◆ Instructions for the task
Report every line in the listing below where the string "photo" shows up.

----

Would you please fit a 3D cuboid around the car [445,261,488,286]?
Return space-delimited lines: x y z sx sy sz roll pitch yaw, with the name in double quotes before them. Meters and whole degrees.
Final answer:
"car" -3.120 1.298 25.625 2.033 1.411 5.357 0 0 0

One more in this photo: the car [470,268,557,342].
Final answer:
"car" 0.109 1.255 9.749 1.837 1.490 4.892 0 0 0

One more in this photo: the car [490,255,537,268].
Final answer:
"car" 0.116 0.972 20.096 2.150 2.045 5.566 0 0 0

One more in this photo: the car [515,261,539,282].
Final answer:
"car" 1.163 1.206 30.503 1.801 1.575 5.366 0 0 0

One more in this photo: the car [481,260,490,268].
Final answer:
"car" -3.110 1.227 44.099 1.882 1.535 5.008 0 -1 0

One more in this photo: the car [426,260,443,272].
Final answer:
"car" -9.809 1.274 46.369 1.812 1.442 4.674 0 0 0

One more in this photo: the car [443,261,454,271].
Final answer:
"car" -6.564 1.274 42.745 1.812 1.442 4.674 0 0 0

----

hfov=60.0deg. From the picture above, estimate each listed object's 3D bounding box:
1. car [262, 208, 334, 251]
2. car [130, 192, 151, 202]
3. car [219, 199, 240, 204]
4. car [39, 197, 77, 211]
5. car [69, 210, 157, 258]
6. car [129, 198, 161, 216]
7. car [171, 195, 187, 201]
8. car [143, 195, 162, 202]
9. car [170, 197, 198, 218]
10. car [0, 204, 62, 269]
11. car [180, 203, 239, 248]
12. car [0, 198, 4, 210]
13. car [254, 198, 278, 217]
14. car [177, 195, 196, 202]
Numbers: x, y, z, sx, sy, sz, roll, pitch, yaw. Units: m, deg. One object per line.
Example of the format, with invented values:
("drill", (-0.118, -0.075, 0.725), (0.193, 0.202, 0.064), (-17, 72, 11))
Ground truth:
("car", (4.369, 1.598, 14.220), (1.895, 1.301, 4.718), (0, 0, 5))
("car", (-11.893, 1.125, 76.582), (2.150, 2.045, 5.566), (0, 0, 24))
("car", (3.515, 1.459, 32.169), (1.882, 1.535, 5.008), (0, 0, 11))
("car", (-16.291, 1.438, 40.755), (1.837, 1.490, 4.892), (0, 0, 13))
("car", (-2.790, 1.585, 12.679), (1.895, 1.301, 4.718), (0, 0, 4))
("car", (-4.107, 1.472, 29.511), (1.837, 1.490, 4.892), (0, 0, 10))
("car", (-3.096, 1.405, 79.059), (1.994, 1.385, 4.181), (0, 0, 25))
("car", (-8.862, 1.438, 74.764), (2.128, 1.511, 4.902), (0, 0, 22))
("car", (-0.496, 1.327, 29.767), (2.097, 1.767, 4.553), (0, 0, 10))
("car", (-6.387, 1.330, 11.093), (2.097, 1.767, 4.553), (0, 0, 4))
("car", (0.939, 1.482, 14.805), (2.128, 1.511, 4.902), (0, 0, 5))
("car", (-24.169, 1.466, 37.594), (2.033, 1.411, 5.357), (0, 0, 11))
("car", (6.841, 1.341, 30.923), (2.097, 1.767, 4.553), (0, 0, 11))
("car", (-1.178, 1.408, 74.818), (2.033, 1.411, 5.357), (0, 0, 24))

----

◆ Expected answer
One more in this photo: the car [470,268,557,342].
One more in this photo: the car [490,255,537,268].
One more in this photo: the car [515,261,539,282].
One more in this photo: the car [481,260,490,268].
One more in this photo: the car [426,260,443,272].
One more in this photo: the car [443,261,454,271].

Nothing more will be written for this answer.